*Required action*
Only the lines from the start of the data through the line with "Make the answer very short. Brown." belong in the copy. Restate them word for word, minus the pictures.

────────────────

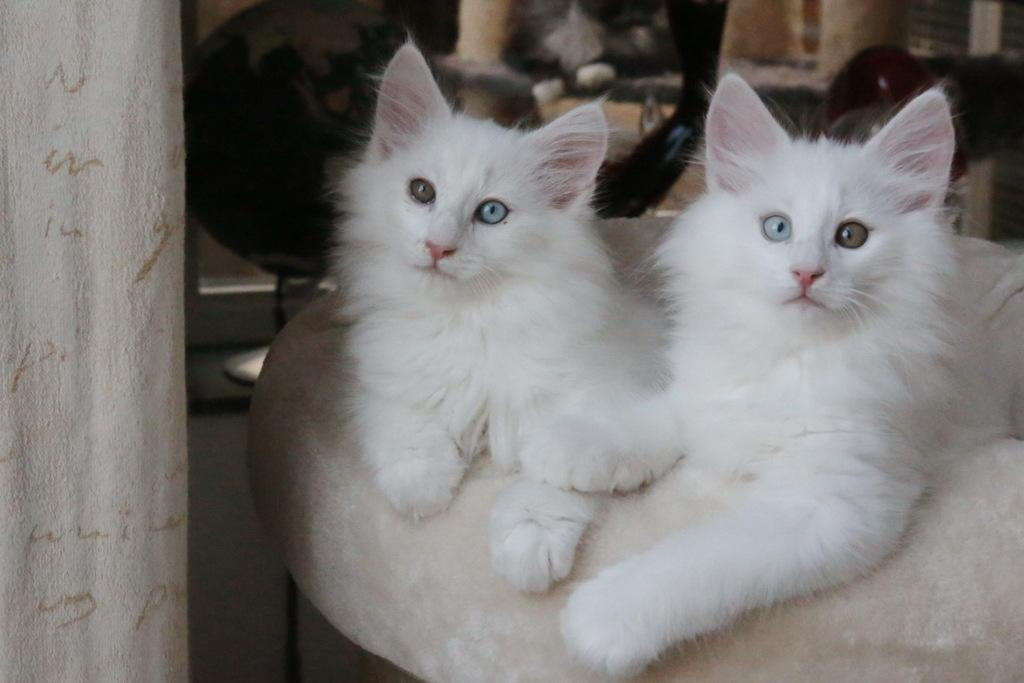How many cats are in the image? There are two cats in the image. What color are the cats? The cats are white in color. What type of surface are the cats on? The cats are on a cream and white color surface. What can be seen in the background of the image? There are objects visible in the background of the image. What type of bread is the stranger holding in the image? There is no stranger or bread present in the image; it features two white cats on a cream and white color surface. 
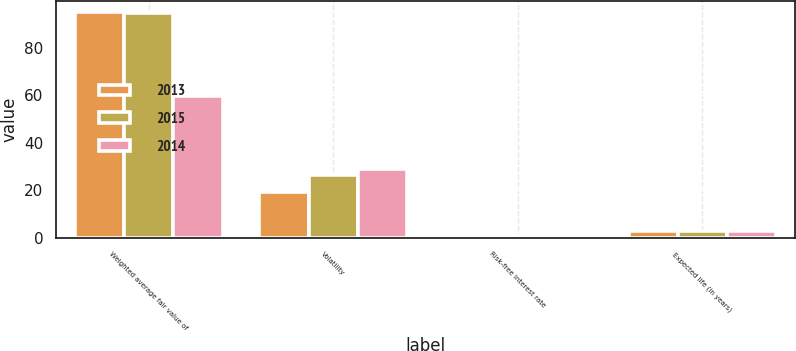Convert chart to OTSL. <chart><loc_0><loc_0><loc_500><loc_500><stacked_bar_chart><ecel><fcel>Weighted average fair value of<fcel>Volatility<fcel>Risk-free interest rate<fcel>Expected life (in years)<nl><fcel>2013<fcel>95.07<fcel>19.14<fcel>1.01<fcel>2.86<nl><fcel>2015<fcel>94.55<fcel>26.41<fcel>0.65<fcel>2.88<nl><fcel>2014<fcel>59.58<fcel>28.99<fcel>0.4<fcel>2.87<nl></chart> 
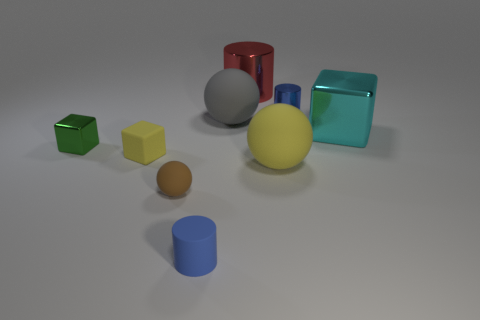There is a metal thing that is on the left side of the red metal cylinder; does it have the same size as the small yellow matte thing?
Your answer should be compact. Yes. What shape is the tiny object that is the same color as the small rubber cylinder?
Provide a succinct answer. Cylinder. How many cylinders are the same material as the green thing?
Make the answer very short. 2. The blue object left of the big red thing behind the metallic cube that is to the right of the tiny metallic cylinder is made of what material?
Offer a terse response. Rubber. The matte ball in front of the yellow sphere in front of the green block is what color?
Offer a very short reply. Brown. The ball that is the same size as the green metallic cube is what color?
Make the answer very short. Brown. How many tiny objects are red matte balls or gray things?
Your response must be concise. 0. Are there more gray matte things behind the big yellow thing than yellow rubber spheres right of the cyan metallic thing?
Keep it short and to the point. Yes. There is a ball that is the same color as the matte cube; what size is it?
Make the answer very short. Large. How many other things are there of the same size as the green metal block?
Provide a succinct answer. 4. 
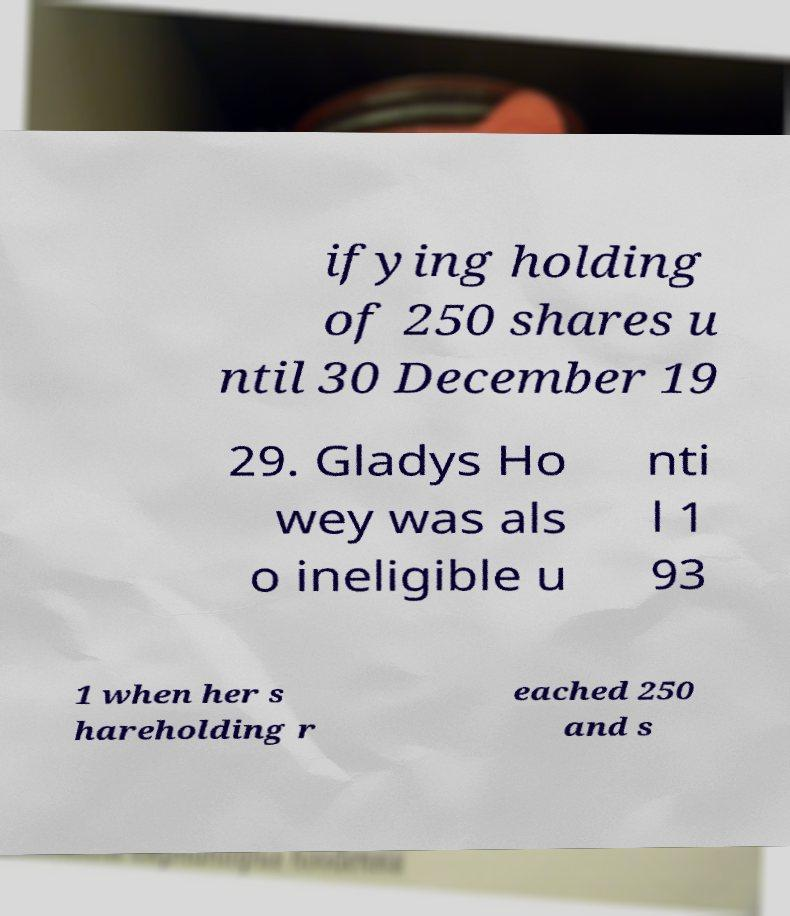Please identify and transcribe the text found in this image. ifying holding of 250 shares u ntil 30 December 19 29. Gladys Ho wey was als o ineligible u nti l 1 93 1 when her s hareholding r eached 250 and s 
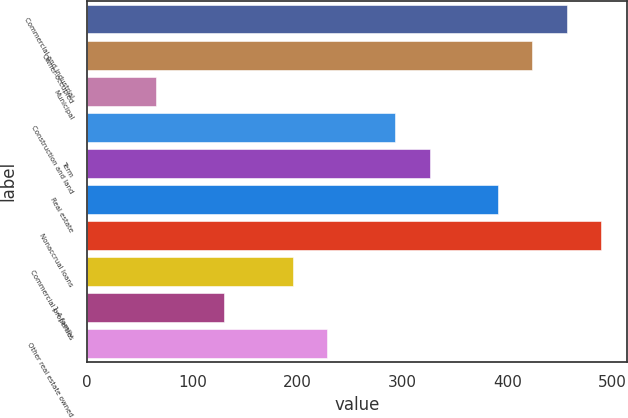Convert chart. <chart><loc_0><loc_0><loc_500><loc_500><bar_chart><fcel>Commercial and industrial<fcel>Owner-occupied<fcel>Municipal<fcel>Construction and land<fcel>Term<fcel>Real estate<fcel>Nonaccrual loans<fcel>Commercial properties<fcel>1-4 family<fcel>Other real estate owned<nl><fcel>456.33<fcel>423.74<fcel>65.25<fcel>293.38<fcel>325.97<fcel>391.15<fcel>488.92<fcel>195.61<fcel>130.43<fcel>228.2<nl></chart> 
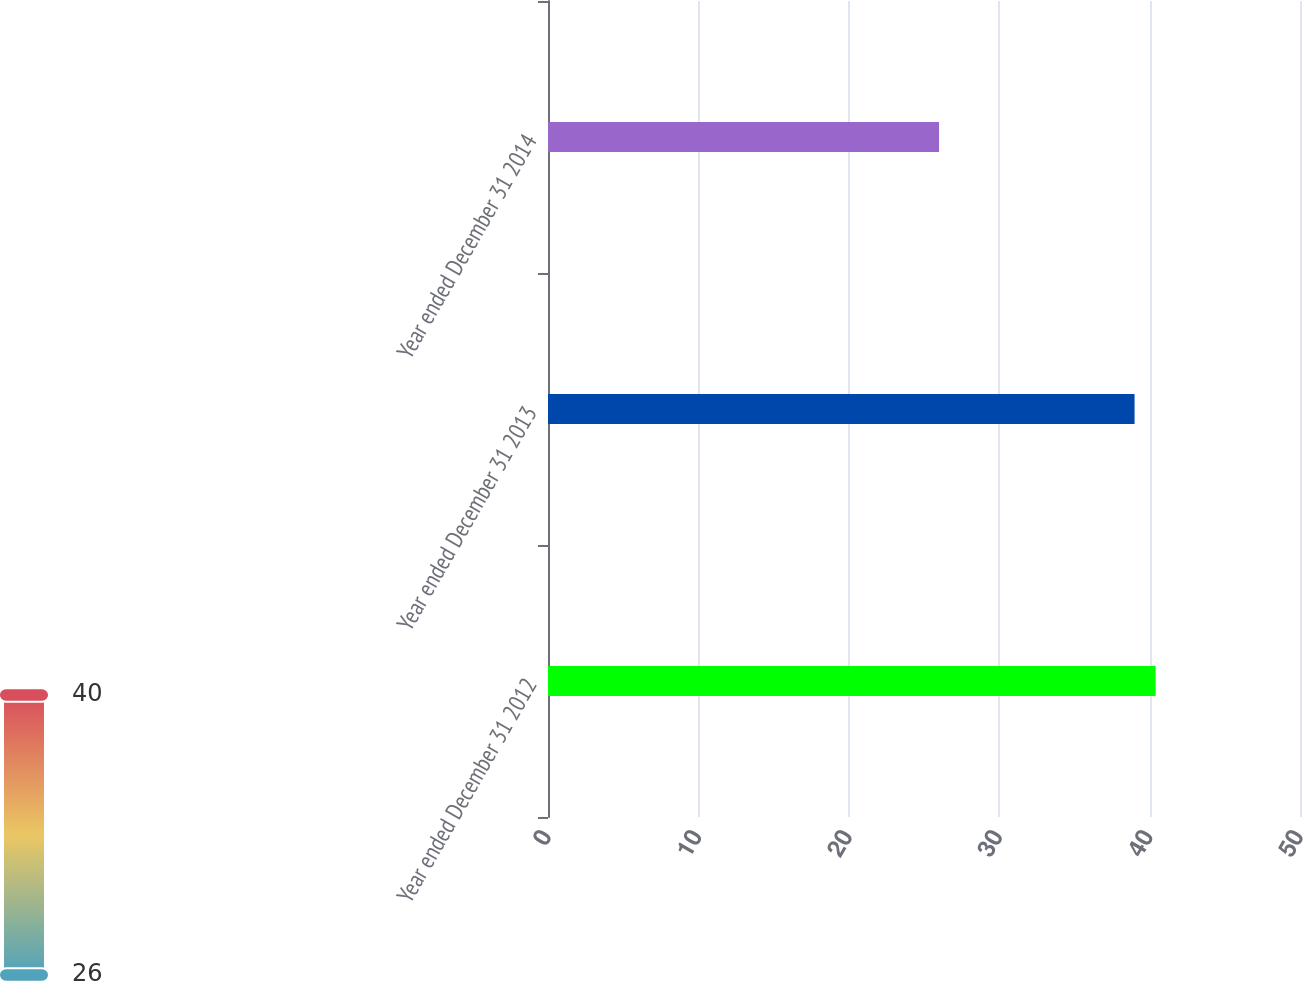Convert chart to OTSL. <chart><loc_0><loc_0><loc_500><loc_500><bar_chart><fcel>Year ended December 31 2012<fcel>Year ended December 31 2013<fcel>Year ended December 31 2014<nl><fcel>40.4<fcel>39<fcel>26<nl></chart> 
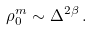<formula> <loc_0><loc_0><loc_500><loc_500>\rho _ { 0 } ^ { m } \sim \Delta ^ { 2 \beta } \, .</formula> 
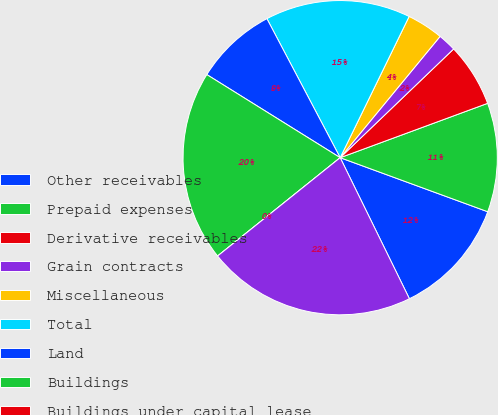Convert chart. <chart><loc_0><loc_0><loc_500><loc_500><pie_chart><fcel>Other receivables<fcel>Prepaid expenses<fcel>Derivative receivables<fcel>Grain contracts<fcel>Miscellaneous<fcel>Total<fcel>Land<fcel>Buildings<fcel>Buildings under capital lease<fcel>Equipment<nl><fcel>12.15%<fcel>11.21%<fcel>6.54%<fcel>1.87%<fcel>3.74%<fcel>14.95%<fcel>8.41%<fcel>19.63%<fcel>0.0%<fcel>21.5%<nl></chart> 
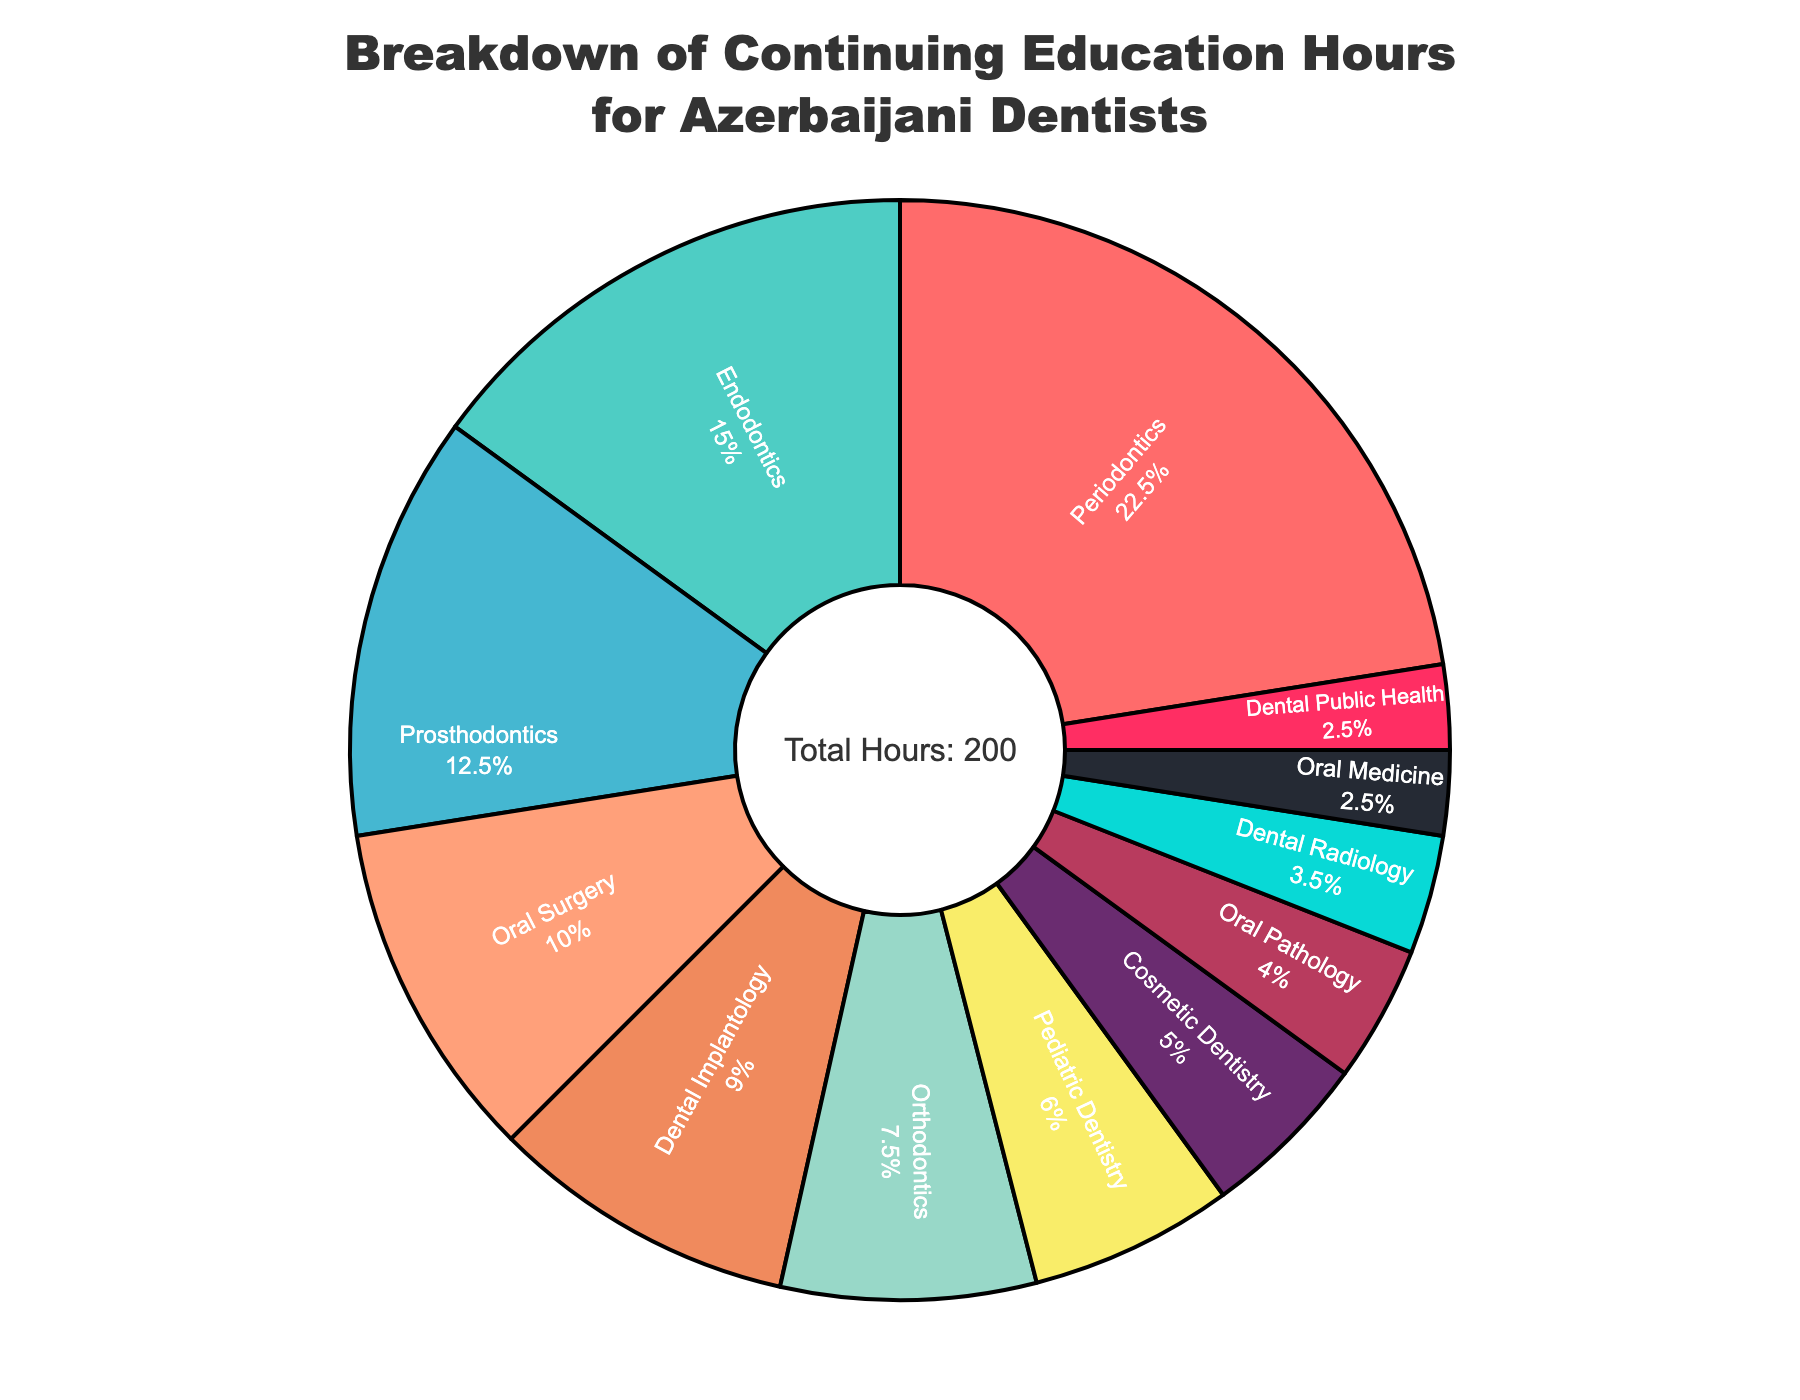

────────────────

*Task response*
How many cats are in the image? There are two cats in the image. What color are the cats? The cats are white in color. What type of surface are the cats on? The cats are on a cream and white color surface. What can be seen in the background of the image? There are objects visible in the background of the image. What type of bread is the stranger holding in the image? There is no stranger or bread present in the image; it features two white cats on a cream and white color surface. 
Convert chart to OTSL. <chart><loc_0><loc_0><loc_500><loc_500><stacked_bar_chart><ecel><fcel>Weighted average fair value of<fcel>Volatility<fcel>Risk-free interest rate<fcel>Expected life (in years)<nl><fcel>2013<fcel>95.07<fcel>19.14<fcel>1.01<fcel>2.86<nl><fcel>2015<fcel>94.55<fcel>26.41<fcel>0.65<fcel>2.88<nl><fcel>2014<fcel>59.58<fcel>28.99<fcel>0.4<fcel>2.87<nl></chart> 
There is a metal thing that is on the left side of the red metal cylinder; does it have the same size as the small yellow matte thing?
Your answer should be compact. Yes. What shape is the tiny object that is the same color as the small rubber cylinder?
Provide a succinct answer. Cylinder. How many cylinders are the same material as the green thing?
Make the answer very short. 2. The blue object left of the big red thing behind the metallic cube that is to the right of the tiny metallic cylinder is made of what material?
Offer a terse response. Rubber. The matte ball in front of the yellow sphere in front of the green block is what color?
Offer a very short reply. Brown. The ball that is the same size as the green metallic cube is what color?
Make the answer very short. Brown. How many tiny objects are red matte balls or gray things?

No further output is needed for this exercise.